Due to its reliability and ease of use, Flink has become one of the most popular stream processing frameworks and dominates the field of stream computing. Zhihu introduced Flink as early as 18 years, and now Flink has become one of the most important components within Zhihu, accumulating more than 4,000 Flink real-time tasks and processing petabytes of data every day.

There are many ways to deploy Flink, which can be roughly divided into standalone, flink on yarn, flink on kubernetes, etc. At present, the deployment method used internally by Zhihu is native kubernetes, which is officially provided by Flink. When it comes to kubernetes, we have to talk about container images, because there are various dependencies on Flink tasks, and how to image Flink is also a headache.

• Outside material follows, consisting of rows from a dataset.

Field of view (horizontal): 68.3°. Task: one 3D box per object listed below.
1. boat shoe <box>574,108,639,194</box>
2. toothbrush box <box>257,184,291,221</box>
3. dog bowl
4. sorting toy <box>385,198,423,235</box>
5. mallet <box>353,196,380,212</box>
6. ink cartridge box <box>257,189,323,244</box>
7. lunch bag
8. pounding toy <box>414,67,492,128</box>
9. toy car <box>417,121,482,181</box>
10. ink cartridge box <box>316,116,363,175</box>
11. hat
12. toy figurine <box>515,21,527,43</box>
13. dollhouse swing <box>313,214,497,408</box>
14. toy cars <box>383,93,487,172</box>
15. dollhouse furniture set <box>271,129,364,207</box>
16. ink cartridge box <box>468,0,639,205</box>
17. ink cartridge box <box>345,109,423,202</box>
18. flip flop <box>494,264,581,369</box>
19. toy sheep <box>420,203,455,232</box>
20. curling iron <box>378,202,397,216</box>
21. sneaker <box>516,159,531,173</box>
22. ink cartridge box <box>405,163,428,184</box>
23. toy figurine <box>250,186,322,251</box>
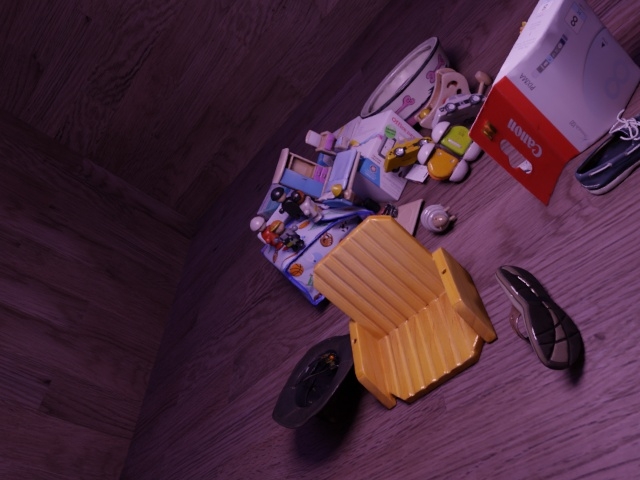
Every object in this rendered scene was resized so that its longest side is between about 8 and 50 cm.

2 Flink Mirroring and Dependency Processing

Flink tasks can be roughly divided into two categories, the first type is Flink SQL tasks, and the dependencies of Flink SQL tasks are roughly as follows:

官方的 connector jar 包, 如 flink-hive-connector, flink-jdbc-connector, flink-kafka-connector 等;
Unofficial or internally implemented connector jar packages;
The user's UDF jar package, some complex computational logic, the user may implement the UDF by himself.

The second type of Flink task is Flink's jar package task, which depends on the Flink jar package written by the user in addition to the above three dependencies.

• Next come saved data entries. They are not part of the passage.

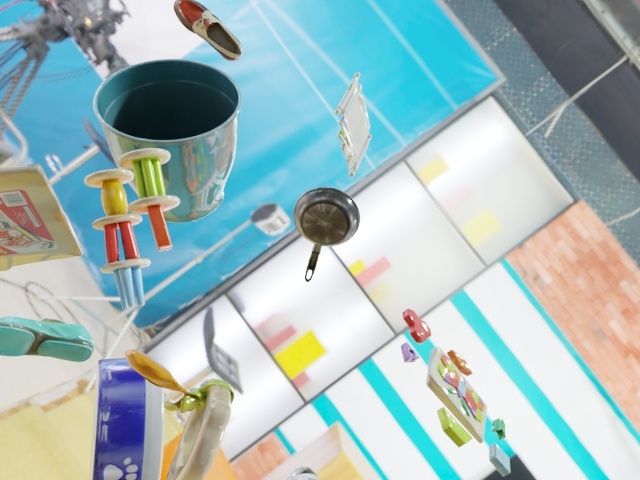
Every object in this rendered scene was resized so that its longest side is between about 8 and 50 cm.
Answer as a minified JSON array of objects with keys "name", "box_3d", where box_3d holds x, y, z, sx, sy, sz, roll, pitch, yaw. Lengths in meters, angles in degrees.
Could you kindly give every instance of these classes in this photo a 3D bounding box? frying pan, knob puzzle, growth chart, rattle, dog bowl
[{"name":"frying pan","box_3d":[-0.022,-0.018,1.719,0.197,0.326,0.053,35,28,-12]},{"name":"knob puzzle","box_3d":[-0.372,-0.022,0.619,0.213,0.213,0.030,55,19,-61]},{"name":"growth chart","box_3d":[0.089,-0.298,1.555,0.021,0.172,0.237,13,-34,26]},{"name":"rattle","box_3d":[-0.192,0.249,0.687,0.143,0.199,0.130,22,12,-32]},{"name":"dog bowl","box_3d":[-0.346,0.340,1.031,0.265,0.104,0.265,-175,-90,-69]}]

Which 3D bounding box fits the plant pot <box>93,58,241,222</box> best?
[{"name":"plant pot","box_3d":[-0.294,-0.186,1.192,0.271,0.272,0.255,53,-27,33]}]

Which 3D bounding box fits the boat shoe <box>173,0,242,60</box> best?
[{"name":"boat shoe","box_3d":[-0.186,-0.356,0.983,0.137,0.049,0.043,41,-2,-22]}]

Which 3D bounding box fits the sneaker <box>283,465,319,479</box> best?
[{"name":"sneaker","box_3d":[-0.021,0.370,0.804,0.094,0.091,0.258,36,-12,-9]}]

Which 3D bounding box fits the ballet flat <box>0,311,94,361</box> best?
[{"name":"ballet flat","box_3d":[-0.584,0.191,1.186,0.247,0.083,0.087,22,21,-42]}]

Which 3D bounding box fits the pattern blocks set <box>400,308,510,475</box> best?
[{"name":"pattern blocks set","box_3d":[0.280,0.308,1.199,0.325,0.026,0.285,45,25,-13]}]

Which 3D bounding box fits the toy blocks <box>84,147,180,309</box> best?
[{"name":"toy blocks","box_3d":[-0.191,-0.008,0.615,0.054,0.123,0.148,-6,82,-51]}]

Obviously, for each Flink task, its dependencies are different, and it is not possible to have a separate image for each Flink task, so we currently handle it as follows:

Dependencies are classified into stable and unstable dependencies.
Stable dependencies include components (such as Flink, JDK, etc.) and official connector packages, which are very stable and will only be changed in the case of Flink version upgrades and bug fixes, so we will put these dependencies into the image when building the image;
Unstable dependencies include third-party connectors and the user's own jar packages. Because the third-party connector is not officially maintained by Flink, there is a relatively higher probability that problems need to be fixed. The user's own jar is different for each task, and the user will often change and resubmit. For such unstable dependencies, we inject them dynamically by storing the dependencies in a distributed file system and downloading them into the container using the pre command when the container starts.

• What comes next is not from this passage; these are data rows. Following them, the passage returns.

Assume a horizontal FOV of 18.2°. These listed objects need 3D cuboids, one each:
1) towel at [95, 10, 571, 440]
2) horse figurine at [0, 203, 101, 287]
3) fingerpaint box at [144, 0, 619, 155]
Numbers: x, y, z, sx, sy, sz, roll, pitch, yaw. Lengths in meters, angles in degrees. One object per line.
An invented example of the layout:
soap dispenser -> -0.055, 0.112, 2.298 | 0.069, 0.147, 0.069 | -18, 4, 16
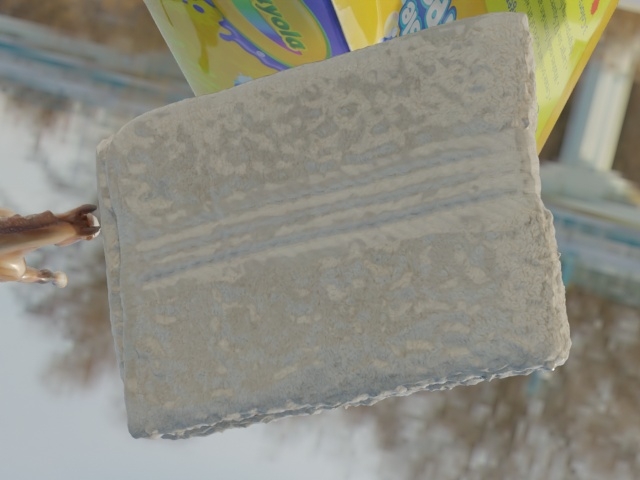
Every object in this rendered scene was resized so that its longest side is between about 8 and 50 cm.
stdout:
towel -> 0.000, 0.000, 1.063 | 0.282, 0.187, 0.049 | -12, 170, 33
horse figurine -> -0.278, -0.009, 1.380 | 0.263, 0.066, 0.174 | 12, 175, 0
fingerpaint box -> 0.062, -0.222, 1.306 | 0.163, 0.371, 0.445 | 20, 160, 24

After the above processing, the Flink image has the ability to dynamically load dependencies, and the startup process of a Flink job is roughly as follows:

Leverage JuiceFS to implement dynamic mirroring of Flink

3 File system selection

3.1 Pain points of HDFS storage dependencies

We have always used HDFS to store the file system that Flink depends on, but we encountered the following pain points in the process of using it:

The pressure of the Namenode is too high during the peak period of the task, and the container will be stuck when requesting file metadata from the Namenode when downloading the dependency, and some small batch tasks, the task itself may only need to run for more than ten seconds, but because the Namenode is under too much pressure, it may take a few minutes to download the dependency;
Currently, we deploy Flink clusters in multiple data centers, but HDFS only has a large offline data center cluster, which will pull files across data centers and consume leased line bandwidth.
There are some special Flink tasks that don't depend on HDFS at all, in other words, they don't use checkpoints or read or write HDFS, but because the dependencies of Flink containers are stored on HDFS, these tasks still can't do without HDFS.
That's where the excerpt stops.